The result should be the lines from the one holding "00:00:04.500" to the end of the records below, repeated exactly. No pictures.

- Opening Delimiter -

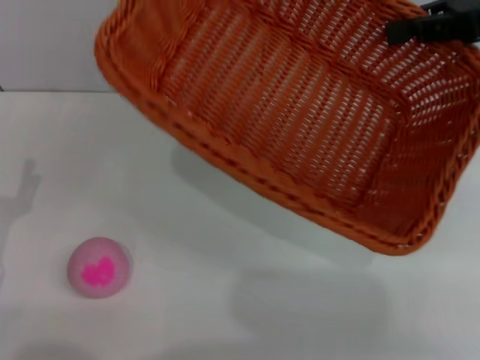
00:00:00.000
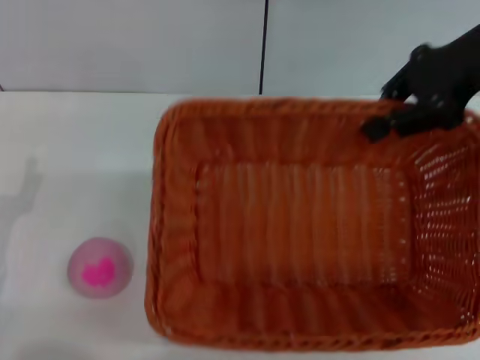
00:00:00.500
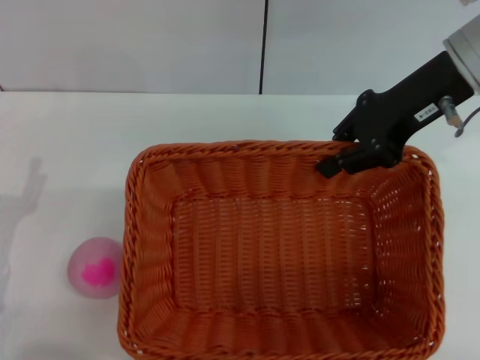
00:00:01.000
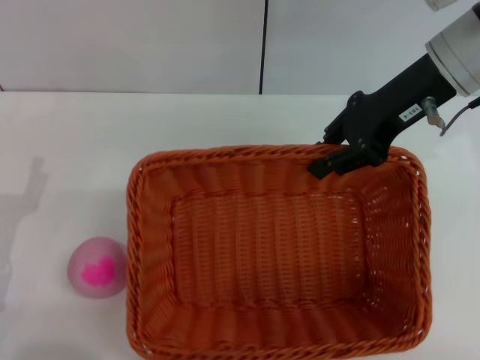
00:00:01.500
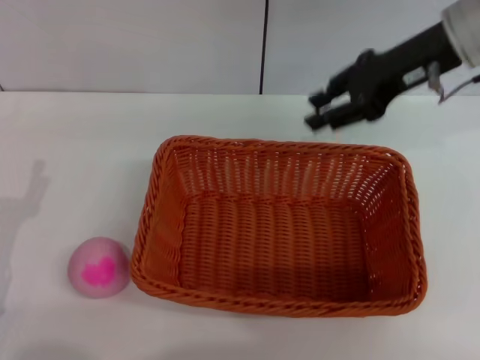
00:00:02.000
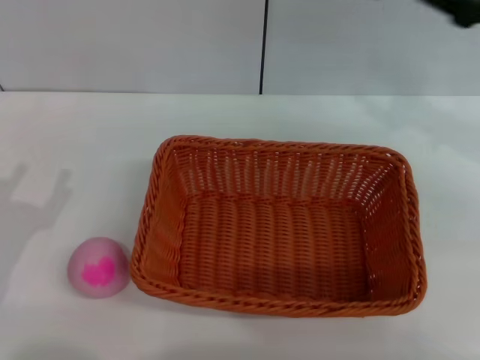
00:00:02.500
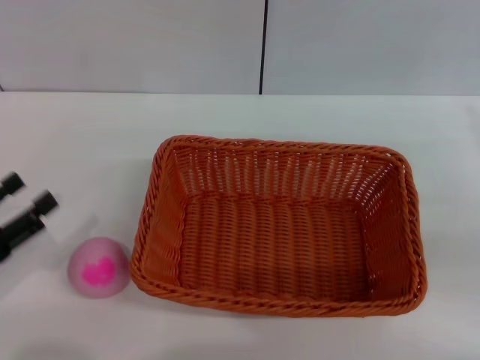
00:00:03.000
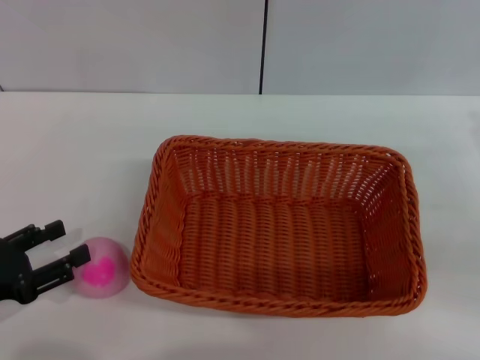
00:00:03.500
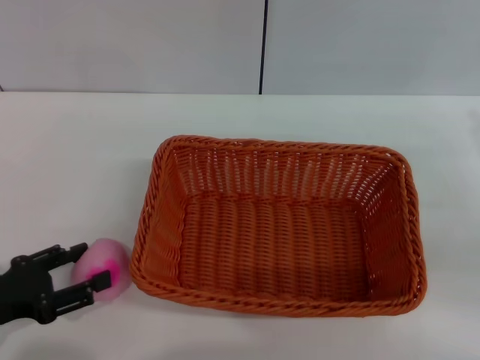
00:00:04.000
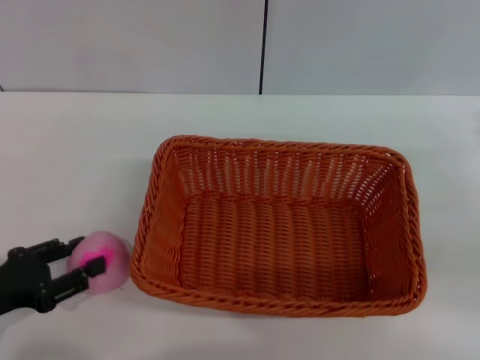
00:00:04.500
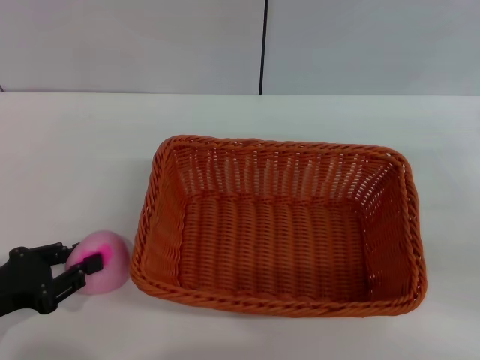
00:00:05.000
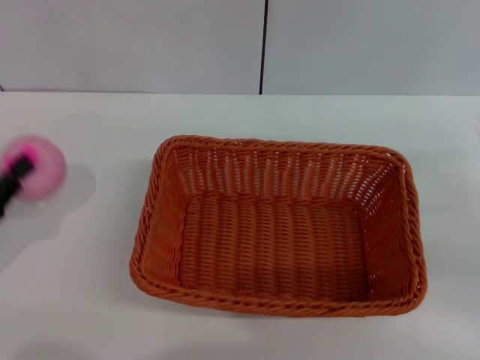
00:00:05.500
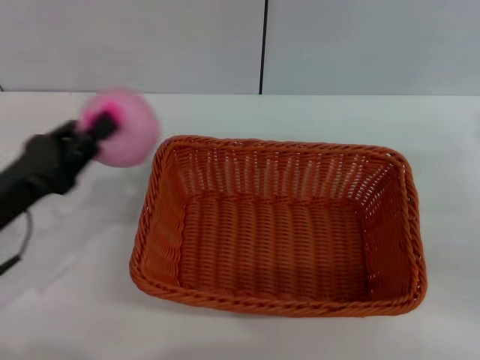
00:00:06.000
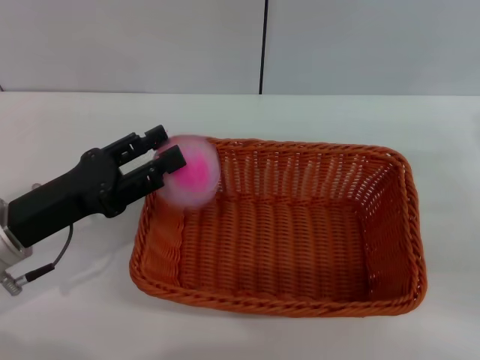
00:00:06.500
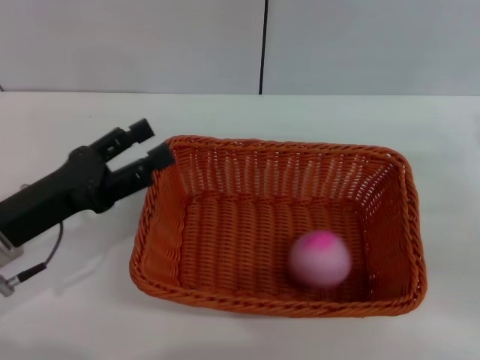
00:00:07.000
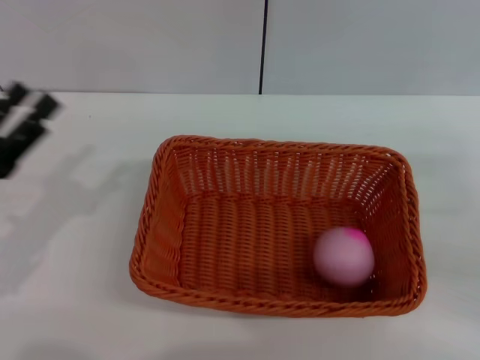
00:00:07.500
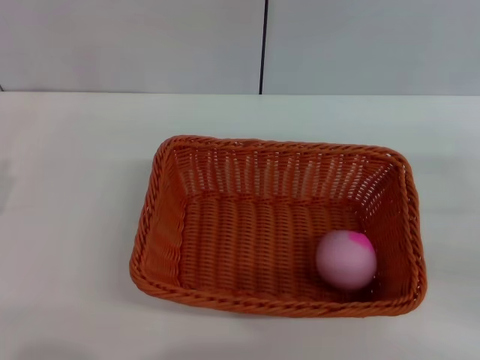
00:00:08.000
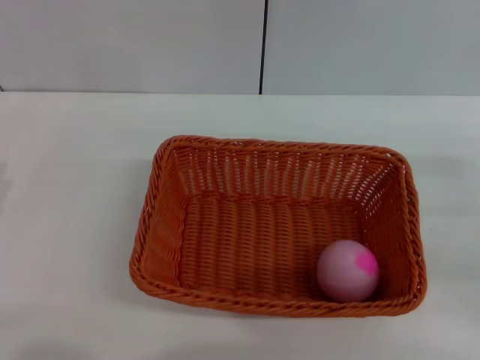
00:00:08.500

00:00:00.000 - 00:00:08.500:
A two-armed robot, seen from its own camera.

- Closing Delimiter -

# [YOUR SOLUTION]
00:00:04.500
00:00:05.000
00:00:05.500
00:00:06.000
00:00:06.500
00:00:07.000
00:00:07.500
00:00:08.000
00:00:08.500

00:00:00.000 - 00:00:08.500:
A two-armed robot, seen from its own camera.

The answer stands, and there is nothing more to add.